Praca dziennikarza motoryzacyjnego sprawia, że czasami jedzie się przez pół miasta tramwajem, by odebrać do testu wóz o wartości miliona złotych. Czasami trzeba się przesiąść z 500-konnego potwora do miejskiego pudełeczka z instalacją gazową. Jednego dnia gapią się na ciebie w korku, a drugiego można zachować anonimowość i wtopić się w tłum.
Sprawdź: Ford Mustang Bullitt 5.0 V8 6MT: gwiazda kina akcji we współczesnym wydaniu - TEST, OPINIA, WIDEO
Mustangowi daleko do najdroższego, najszybszego czy największego auta, jakie parkowałem w swoim garażu. Stał się jednak bezapelacyjnym faworytem moich sąsiadów, którzy czasami zagadają i zapytają o auto, którym akurat jeżdżę, ale nigdy z wypiekami na twarzy, tak jak to było w przypadku tego wściekle zielonego Forda.
Kosztuje tyle co Passat, a robi kolosalne wrażenie
Okazuje się, że za równowartość wypasionego Volkswagena Passata z mocnym silnikiem możecie mieć samochód, w którym zwrócicie uwagę niemal wszystkich. Polacy kochają Mustanga i choć jest to stosunkowo pospolite auto na naszych drogach, jego historia, klimat i legenda są tak silne, że widok kciuka w górę od innych kierowców nie jest niczym szczególnym. W o wiele droższych hot-hatchach czy szybkich sedanach możecie co najwyżej dostać chłodne spojrzenie. W Mustangu jesteście barwnym bohaterem drogi, emanacją wolności i bielikiem amerykańskim w jednym.

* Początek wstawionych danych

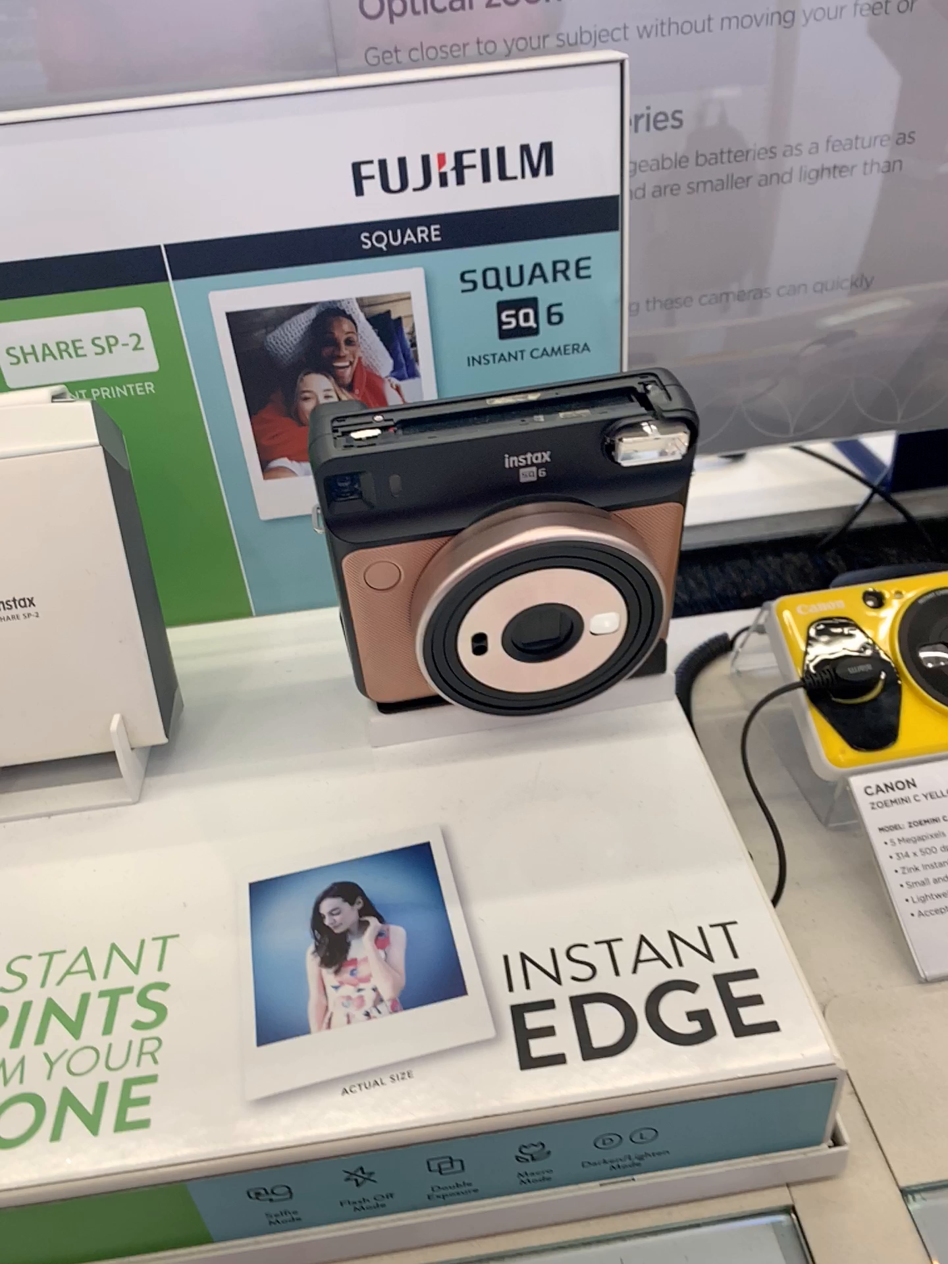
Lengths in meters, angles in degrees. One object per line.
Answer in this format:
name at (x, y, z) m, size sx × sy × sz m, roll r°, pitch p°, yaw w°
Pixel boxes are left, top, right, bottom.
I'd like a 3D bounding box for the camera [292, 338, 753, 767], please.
camera at (0.013, -0.025, 0.340) m, size 0.130 × 0.119 × 0.061 m, roll -9°, pitch 45°, yaw -6°

Daleko mu do naprawdę drogiego auta. Nie jest też najszybszy, bo większość pędzonych na 4 koła hot-hatchy bez kłopotu wygra z nim wyścig spod świateł. Ma jednak potężną charyzmę i pozwala przenieść się myślami na amerykańskie pustkowie, najlepiej o zachodzie słońca i z bezkresną przestrzenią przed sobą. Zamiast krajobrazu, który da się opisać patetycznymi przymiotnikami mamy jednak polskie drogi, ciasne ulice Warszawy i podmiejskie szosy. Jak Mustangiem jeździ się na co dzień?
Zaskakująco wygodny
Prawdę mówiąc, tym autem jeździ się bardzo znośnie. To naprawdę wygodny wóz, a jego układ jezdny już od dawna nie budzi grozy w podbramkowych sytuacjach. Nie jest tak, że zupełnie nie trzeba uważać na ruchy, bo to wciąż potężny i tylnonapędowy jankes, ale elektroniczny kaganiec w standardowym trybie jazdy czuwa nad tym, by nie zrobić sobie krzywdy. Układ jezdny nieźle wybiera nierówności, a opony z bardzo rozsądnym profilem pozwalają na luzie cisnąć przez ulice pełne studzienek czy torów tramwajowych.

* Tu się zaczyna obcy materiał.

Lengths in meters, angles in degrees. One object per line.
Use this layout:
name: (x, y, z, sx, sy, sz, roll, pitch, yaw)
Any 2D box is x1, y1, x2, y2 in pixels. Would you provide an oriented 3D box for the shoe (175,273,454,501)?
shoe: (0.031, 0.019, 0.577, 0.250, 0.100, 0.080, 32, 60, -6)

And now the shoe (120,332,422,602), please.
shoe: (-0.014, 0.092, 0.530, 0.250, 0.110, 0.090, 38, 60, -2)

Jeśli poruszacie się tak jak większość kierowców, czyli sami, ewentualnie z jednym pasażerem, również pod kątem przestrzeni niczego nie będzie Wam brakować. O tym, że Mustang jest całkiem praktycznym wozem, pisaliśmy już w tym tekście - KLIKNIJ i SPRAWDŹ.
Typowo amerykański kokpit
Gdy staniecie w korkach, będziecie mieli trochę czasu by kontemplować wnętrze najnowszej odsłony Mustanga. Cóż, nie jest to poziom klasy premium, ale szczególnego powodu do wstydu również nie ma. Jest system multimedialny z Apple CarPlay i Android Auto a do obsługi można się w miarę szybko przyzwyczaić. Wszystko w formie przycisków i przełączników. Materiały użyte do wykończenia różnią się od tych, które zastosowano w europejskich Fordach. Skóra jest nieco inna, plastiki zalatują amerykańską motoryzacją, a rysunek kokpitu to tak naprawdę nowoczesna interpretacja klasyka, którego kochają miliony.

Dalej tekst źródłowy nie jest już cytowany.